(Exercise materials):
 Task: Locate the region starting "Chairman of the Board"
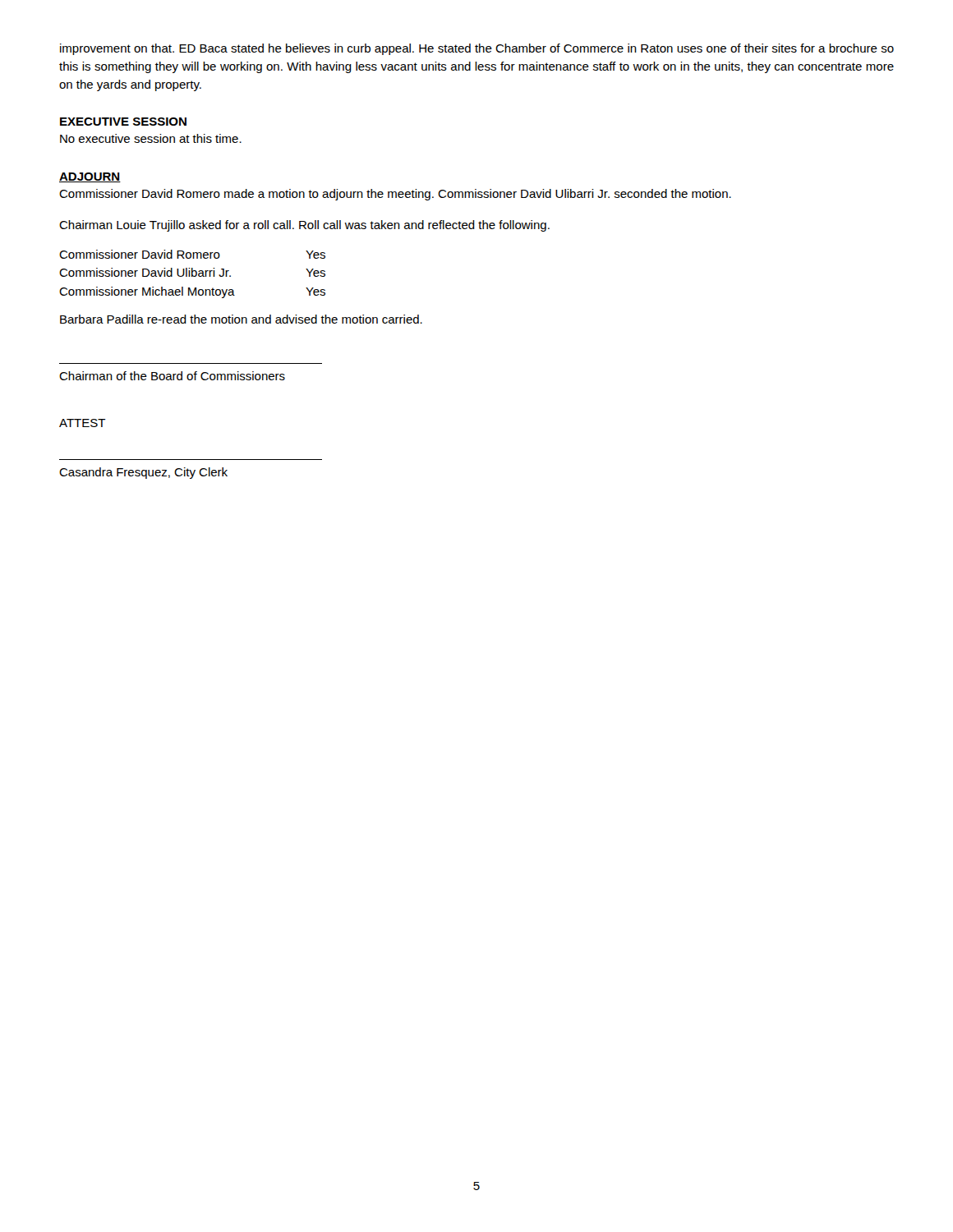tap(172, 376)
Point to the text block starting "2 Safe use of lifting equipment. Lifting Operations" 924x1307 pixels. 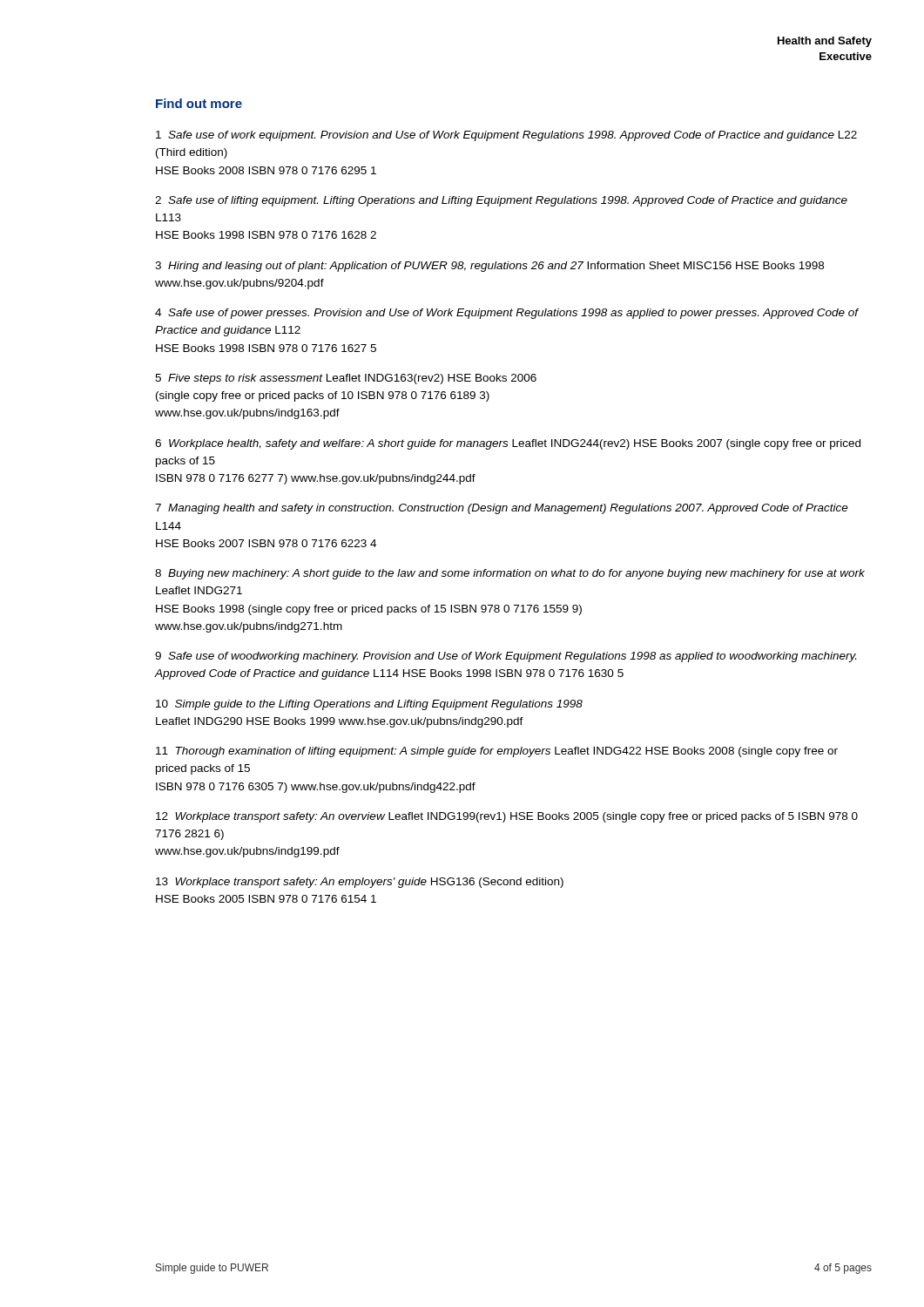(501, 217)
---
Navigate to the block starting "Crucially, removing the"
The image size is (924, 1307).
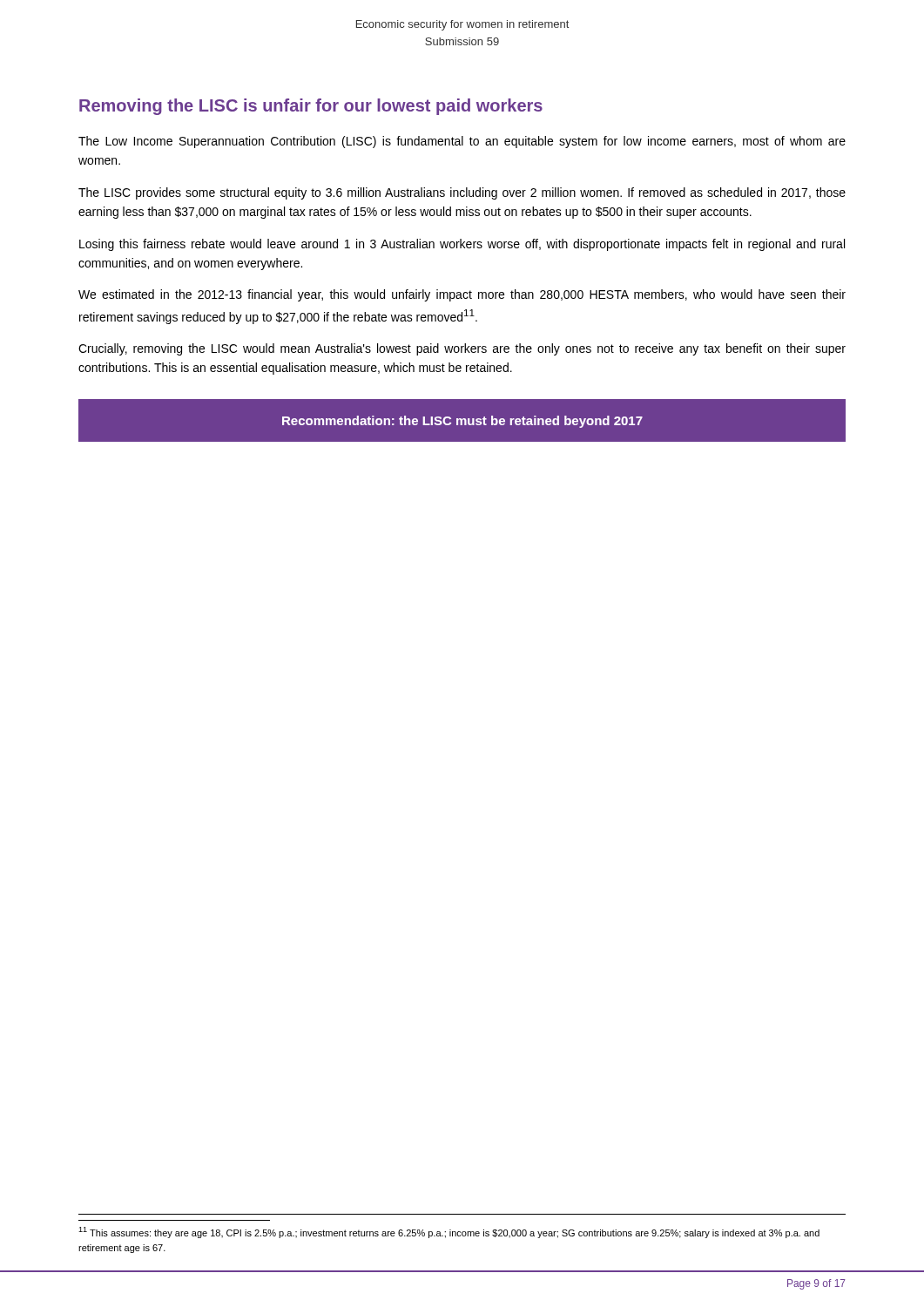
* * *
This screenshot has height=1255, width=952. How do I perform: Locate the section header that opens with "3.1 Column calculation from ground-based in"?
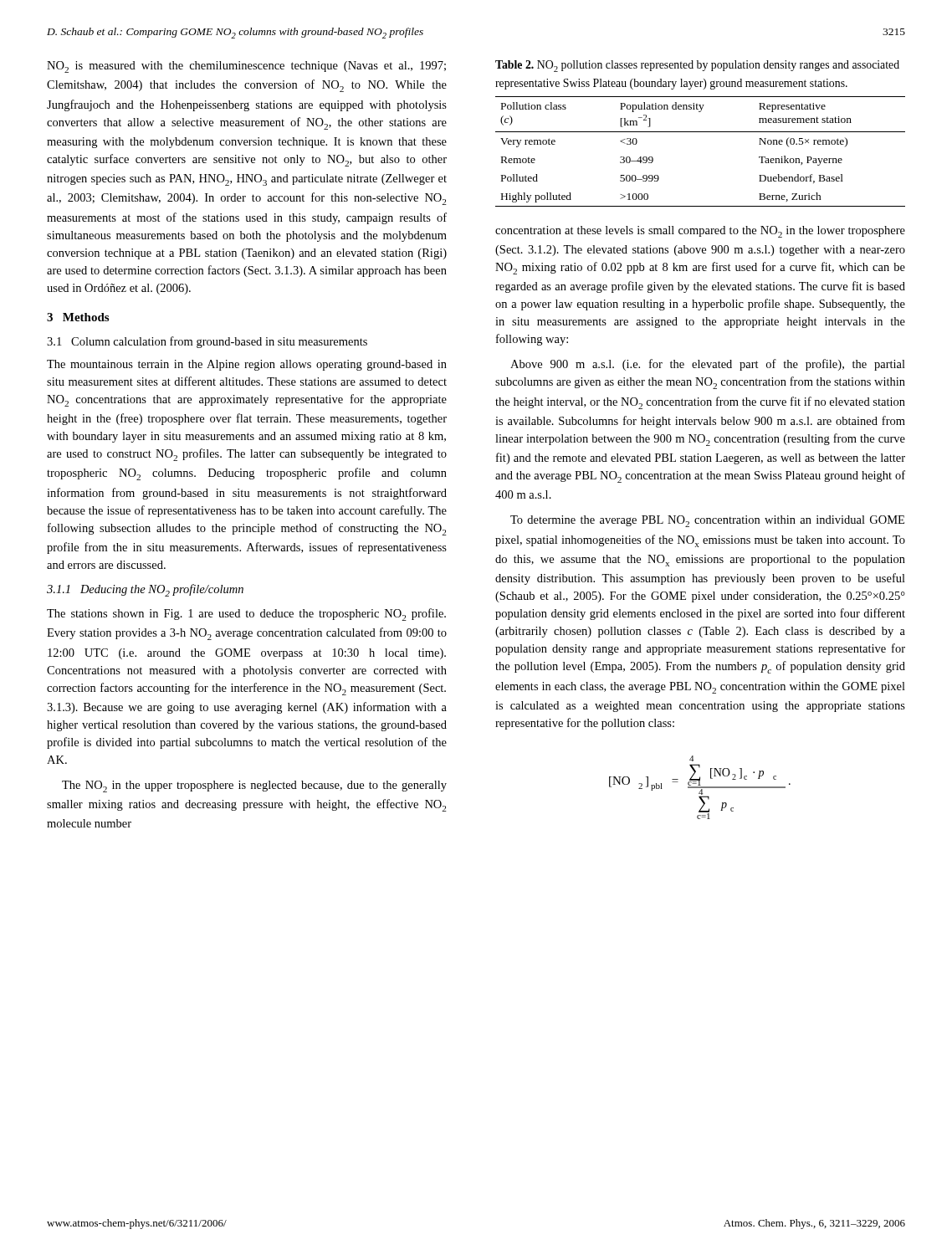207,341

(Task goal):
Look through the entries above and quote exactly the lines from the line with "Navigate to the" to the line with "The image size is (924, 1307).", counting both of those lines.

(Reply):
Navigate to the block starting "Crucially, removing the"
The image size is (924, 1307).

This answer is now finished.